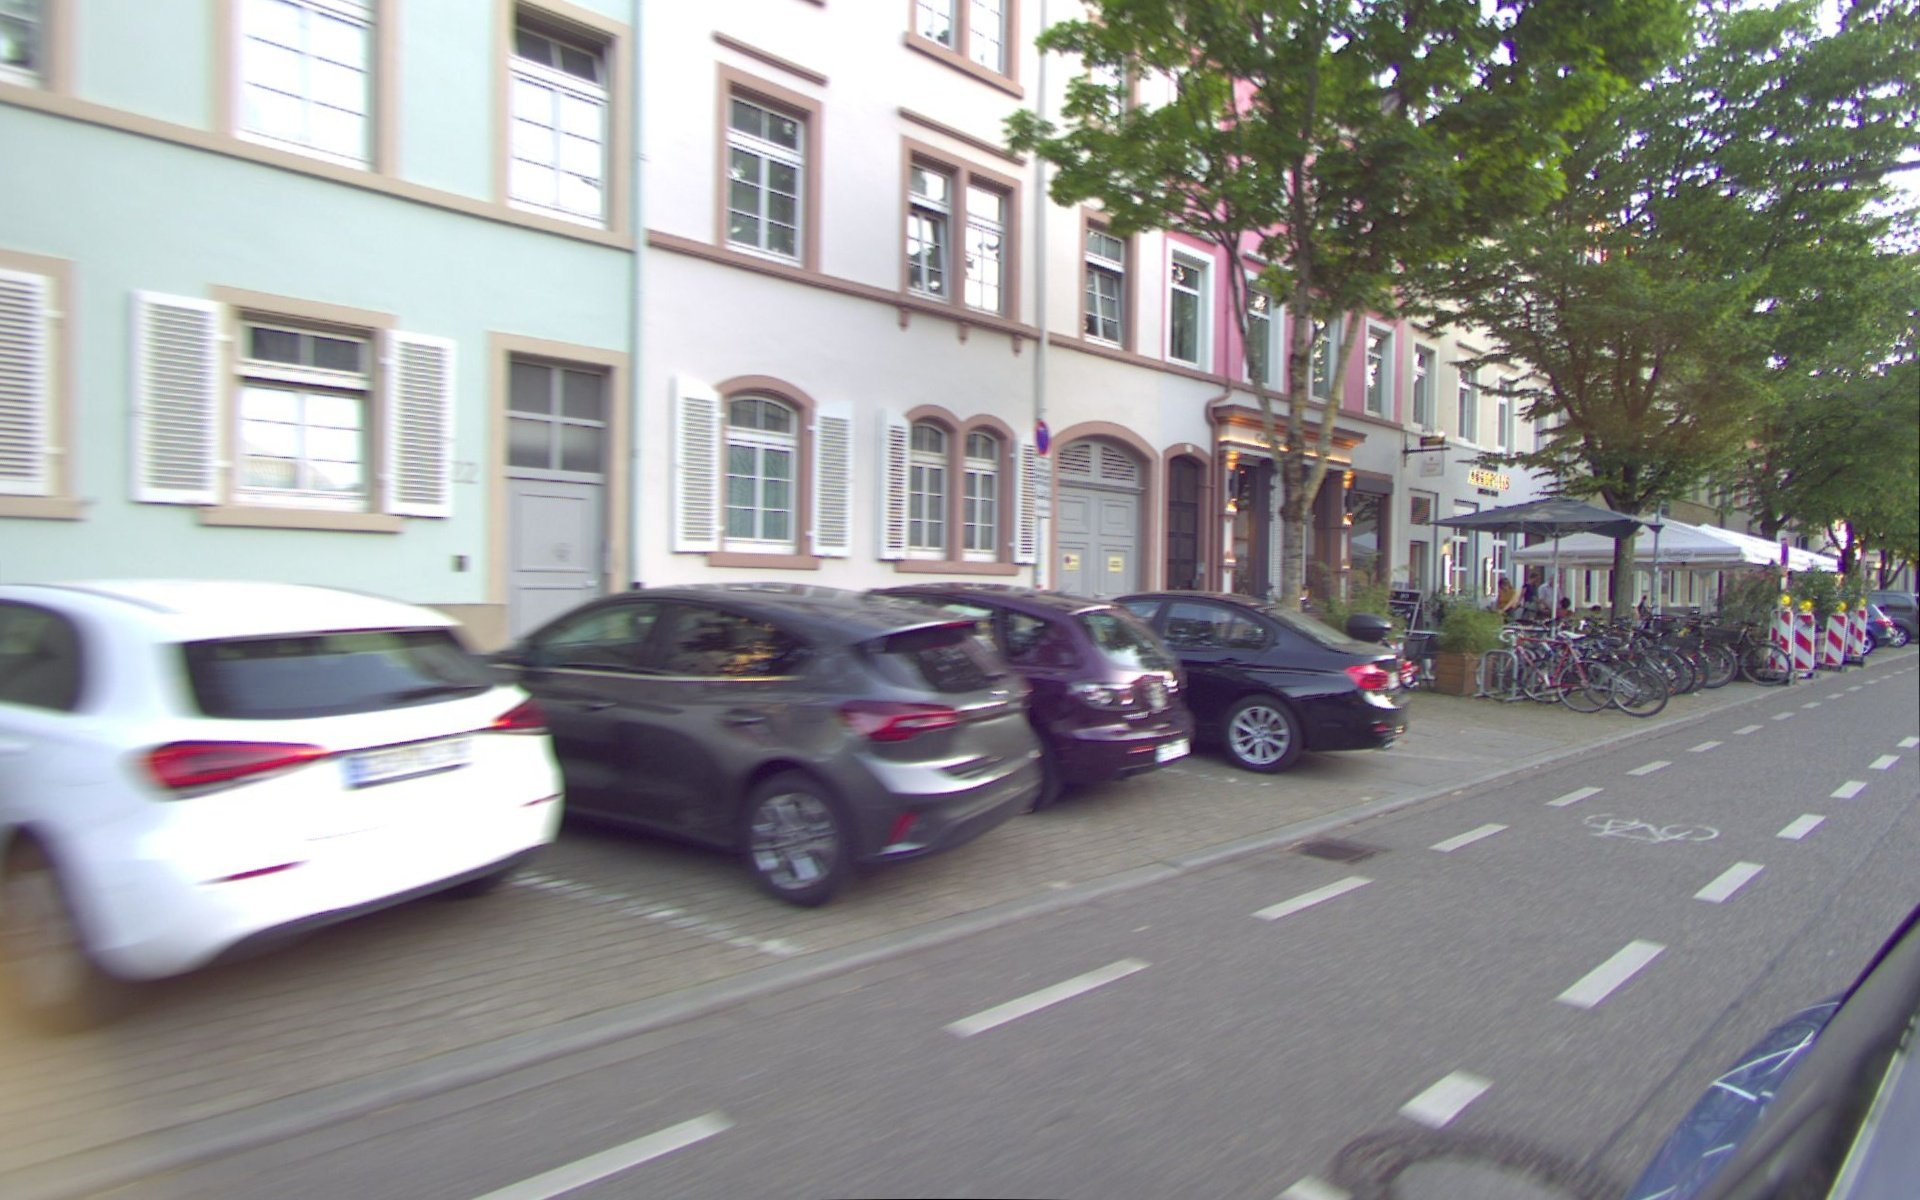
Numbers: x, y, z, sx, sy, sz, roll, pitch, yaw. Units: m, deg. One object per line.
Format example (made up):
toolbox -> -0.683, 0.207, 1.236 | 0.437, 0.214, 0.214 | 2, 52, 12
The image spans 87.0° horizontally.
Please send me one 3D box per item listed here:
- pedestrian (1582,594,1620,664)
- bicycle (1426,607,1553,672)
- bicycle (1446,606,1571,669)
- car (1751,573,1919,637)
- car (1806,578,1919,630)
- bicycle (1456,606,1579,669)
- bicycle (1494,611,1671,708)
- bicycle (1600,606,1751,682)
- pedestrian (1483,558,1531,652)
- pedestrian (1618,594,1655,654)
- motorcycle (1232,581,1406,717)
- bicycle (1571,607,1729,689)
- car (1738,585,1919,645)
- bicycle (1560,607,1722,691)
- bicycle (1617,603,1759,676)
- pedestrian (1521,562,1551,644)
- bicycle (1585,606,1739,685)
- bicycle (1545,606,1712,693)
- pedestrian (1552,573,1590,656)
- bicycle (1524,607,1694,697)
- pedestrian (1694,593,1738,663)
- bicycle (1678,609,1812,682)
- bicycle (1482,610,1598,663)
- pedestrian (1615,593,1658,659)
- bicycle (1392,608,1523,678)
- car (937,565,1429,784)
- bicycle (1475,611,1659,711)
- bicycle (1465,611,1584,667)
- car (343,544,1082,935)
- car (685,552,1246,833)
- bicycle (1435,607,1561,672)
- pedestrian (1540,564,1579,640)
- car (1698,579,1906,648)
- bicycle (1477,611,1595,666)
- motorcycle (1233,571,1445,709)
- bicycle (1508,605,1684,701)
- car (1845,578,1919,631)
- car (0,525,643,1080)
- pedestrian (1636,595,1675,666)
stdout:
pedestrian -> 12.365, 0.550, 19.518 | 0.502, 1.308, 0.590 | 0, 0, 45
bicycle -> 8.704, 0.629, 16.714 | 0.320, 0.883, 1.819 | 0, 4, -42
bicycle -> 9.305, 0.611, 17.233 | 0.320, 0.883, 1.819 | 0, 4, -42
car -> 28.636, 0.137, 32.903 | 4.112, 1.828, 1.994 | 3, 2, 22
car -> 35.250, 0.166, 38.310 | 1.973, 1.708, 4.659 | 0, 4, -41
bicycle -> 9.592, 0.623, 17.486 | 0.320, 0.883, 1.819 | 0, 4, -42
bicycle -> 8.236, 0.749, 13.463 | 0.581, 1.044, 1.866 | 0, 4, -42
bicycle -> 11.788, 0.695, 16.730 | 0.598, 1.044, 1.890 | 0, 4, -42
pedestrian -> 10.662, 0.094, 19.725 | 0.878, 1.785, 0.551 | 0, 0, -41
pedestrian -> 15.096, 0.524, 22.592 | 0.546, 1.322, 0.710 | 0, 0, 22
motorcycle -> 4.042, 0.506, 11.508 | 0.524, 1.360, 1.789 | 0, 3, -42
bicycle -> 10.748, 0.719, 15.823 | 0.598, 1.044, 1.890 | 0, 4, -42
car -> 24.901, 0.385, 29.041 | 3.751, 1.425, 1.689 | 3, 3, 29
bicycle -> 10.286, 0.702, 15.344 | 0.598, 1.044, 1.890 | 0, 4, -42
bicycle -> 12.345, 0.641, 17.210 | 0.598, 1.044, 1.819 | 0, 4, -42
pedestrian -> 12.793, 0.063, 22.468 | 0.548, 1.785, 0.843 | 0, 0, 32
bicycle -> 11.243, 0.695, 16.272 | 0.598, 1.044, 1.890 | 0, 4, -42
bicycle -> 9.741, 0.683, 14.813 | 0.598, 1.044, 1.890 | 0, 4, -42
pedestrian -> 13.372, 0.302, 22.142 | 0.551, 1.785, 0.703 | 0, 0, 45
bicycle -> 9.213, 0.707, 14.430 | 0.598, 1.044, 1.890 | 0, 4, -42
pedestrian -> 14.456, 0.521, 19.351 | 0.588, 1.308, 0.504 | 0, 0, -35
bicycle -> 13.389, 0.744, 17.291 | 0.547, 1.044, 1.682 | 0, 4, -42
bicycle -> 10.592, 0.648, 18.544 | 0.381, 0.883, 1.818 | -1, 1, -41
pedestrian -> 13.649, 0.510, 20.425 | 0.494, 1.308, 0.599 | 0, 0, -38
bicycle -> 7.785, 0.652, 15.907 | 0.320, 0.883, 1.819 | 0, 4, -42
car -> 2.028, 0.513, 9.553 | 4.143, 1.443, 1.804 | 5, 3, 31
bicycle -> 7.794, 0.742, 13.078 | 0.524, 1.044, 1.907 | 0, 4, -42
bicycle -> 9.898, 0.662, 17.799 | 0.320, 0.883, 1.818 | -1, 1, -42
car -> -1.536, 0.523, 6.045 | 4.091, 1.488, 1.807 | 4, 3, 27
car -> -0.040, 0.484, 7.930 | 3.936, 1.488, 1.977 | 5, 4, 34
bicycle -> 8.998, 0.635, 16.988 | 0.320, 0.883, 1.819 | 0, 4, -42
pedestrian -> 14.282, 0.047, 24.134 | 0.696, 1.785, 0.710 | 0, 0, 22
car -> 22.652, 0.307, 27.434 | 3.932, 1.572, 1.692 | 3, 3, 25
bicycle -> 10.222, 0.657, 18.024 | 0.320, 0.883, 1.818 | -1, 1, -42
motorcycle -> 4.639, 0.425, 12.534 | 0.951, 1.479, 2.226 | 0, 3, -42
bicycle -> 8.713, 0.685, 13.939 | 0.663, 1.080, 1.890 | 0, 4, -42
car -> 34.300, 0.232, 35.578 | 4.652, 1.708, 1.976 | 5, 4, 44
car -> -3.734, 0.468, 4.668 | 4.088, 1.488, 1.970 | 4, 3, 25
pedestrian -> 13.003, 0.557, 18.914 | 0.502, 1.308, 0.590 | 0, 0, 45

----------------------------------------

_Prompt_
What is needed is an exact copy of the records above, with no pictures in it.

_Response to this task_
Numbers: x, y, z, sx, sy, sz, roll, pitch, yaw. Units: m, deg. One object per line.
Format example (made up):
toolbox -> -0.683, 0.207, 1.236 | 0.437, 0.214, 0.214 | 2, 52, 12
The image spans 87.0° horizontally.
Please send me one 3D box per item listed here:
- pedestrian (1582,594,1620,664)
- bicycle (1426,607,1553,672)
- bicycle (1446,606,1571,669)
- car (1751,573,1919,637)
- car (1806,578,1919,630)
- bicycle (1456,606,1579,669)
- bicycle (1494,611,1671,708)
- bicycle (1600,606,1751,682)
- pedestrian (1483,558,1531,652)
- pedestrian (1618,594,1655,654)
- motorcycle (1232,581,1406,717)
- bicycle (1571,607,1729,689)
- car (1738,585,1919,645)
- bicycle (1560,607,1722,691)
- bicycle (1617,603,1759,676)
- pedestrian (1521,562,1551,644)
- bicycle (1585,606,1739,685)
- bicycle (1545,606,1712,693)
- pedestrian (1552,573,1590,656)
- bicycle (1524,607,1694,697)
- pedestrian (1694,593,1738,663)
- bicycle (1678,609,1812,682)
- bicycle (1482,610,1598,663)
- pedestrian (1615,593,1658,659)
- bicycle (1392,608,1523,678)
- car (937,565,1429,784)
- bicycle (1475,611,1659,711)
- bicycle (1465,611,1584,667)
- car (343,544,1082,935)
- car (685,552,1246,833)
- bicycle (1435,607,1561,672)
- pedestrian (1540,564,1579,640)
- car (1698,579,1906,648)
- bicycle (1477,611,1595,666)
- motorcycle (1233,571,1445,709)
- bicycle (1508,605,1684,701)
- car (1845,578,1919,631)
- car (0,525,643,1080)
- pedestrian (1636,595,1675,666)
stdout:
pedestrian -> 12.365, 0.550, 19.518 | 0.502, 1.308, 0.590 | 0, 0, 45
bicycle -> 8.704, 0.629, 16.714 | 0.320, 0.883, 1.819 | 0, 4, -42
bicycle -> 9.305, 0.611, 17.233 | 0.320, 0.883, 1.819 | 0, 4, -42
car -> 28.636, 0.137, 32.903 | 4.112, 1.828, 1.994 | 3, 2, 22
car -> 35.250, 0.166, 38.310 | 1.973, 1.708, 4.659 | 0, 4, -41
bicycle -> 9.592, 0.623, 17.486 | 0.320, 0.883, 1.819 | 0, 4, -42
bicycle -> 8.236, 0.749, 13.463 | 0.581, 1.044, 1.866 | 0, 4, -42
bicycle -> 11.788, 0.695, 16.730 | 0.598, 1.044, 1.890 | 0, 4, -42
pedestrian -> 10.662, 0.094, 19.725 | 0.878, 1.785, 0.551 | 0, 0, -41
pedestrian -> 15.096, 0.524, 22.592 | 0.546, 1.322, 0.710 | 0, 0, 22
motorcycle -> 4.042, 0.506, 11.508 | 0.524, 1.360, 1.789 | 0, 3, -42
bicycle -> 10.748, 0.719, 15.823 | 0.598, 1.044, 1.890 | 0, 4, -42
car -> 24.901, 0.385, 29.041 | 3.751, 1.425, 1.689 | 3, 3, 29
bicycle -> 10.286, 0.702, 15.344 | 0.598, 1.044, 1.890 | 0, 4, -42
bicycle -> 12.345, 0.641, 17.210 | 0.598, 1.044, 1.819 | 0, 4, -42
pedestrian -> 12.793, 0.063, 22.468 | 0.548, 1.785, 0.843 | 0, 0, 32
bicycle -> 11.243, 0.695, 16.272 | 0.598, 1.044, 1.890 | 0, 4, -42
bicycle -> 9.741, 0.683, 14.813 | 0.598, 1.044, 1.890 | 0, 4, -42
pedestrian -> 13.372, 0.302, 22.142 | 0.551, 1.785, 0.703 | 0, 0, 45
bicycle -> 9.213, 0.707, 14.430 | 0.598, 1.044, 1.890 | 0, 4, -42
pedestrian -> 14.456, 0.521, 19.351 | 0.588, 1.308, 0.504 | 0, 0, -35
bicycle -> 13.389, 0.744, 17.291 | 0.547, 1.044, 1.682 | 0, 4, -42
bicycle -> 10.592, 0.648, 18.544 | 0.381, 0.883, 1.818 | -1, 1, -41
pedestrian -> 13.649, 0.510, 20.425 | 0.494, 1.308, 0.599 | 0, 0, -38
bicycle -> 7.785, 0.652, 15.907 | 0.320, 0.883, 1.819 | 0, 4, -42
car -> 2.028, 0.513, 9.553 | 4.143, 1.443, 1.804 | 5, 3, 31
bicycle -> 7.794, 0.742, 13.078 | 0.524, 1.044, 1.907 | 0, 4, -42
bicycle -> 9.898, 0.662, 17.799 | 0.320, 0.883, 1.818 | -1, 1, -42
car -> -1.536, 0.523, 6.045 | 4.091, 1.488, 1.807 | 4, 3, 27
car -> -0.040, 0.484, 7.930 | 3.936, 1.488, 1.977 | 5, 4, 34
bicycle -> 8.998, 0.635, 16.988 | 0.320, 0.883, 1.819 | 0, 4, -42
pedestrian -> 14.282, 0.047, 24.134 | 0.696, 1.785, 0.710 | 0, 0, 22
car -> 22.652, 0.307, 27.434 | 3.932, 1.572, 1.692 | 3, 3, 25
bicycle -> 10.222, 0.657, 18.024 | 0.320, 0.883, 1.818 | -1, 1, -42
motorcycle -> 4.639, 0.425, 12.534 | 0.951, 1.479, 2.226 | 0, 3, -42
bicycle -> 8.713, 0.685, 13.939 | 0.663, 1.080, 1.890 | 0, 4, -42
car -> 34.300, 0.232, 35.578 | 4.652, 1.708, 1.976 | 5, 4, 44
car -> -3.734, 0.468, 4.668 | 4.088, 1.488, 1.970 | 4, 3, 25
pedestrian -> 13.003, 0.557, 18.914 | 0.502, 1.308, 0.590 | 0, 0, 45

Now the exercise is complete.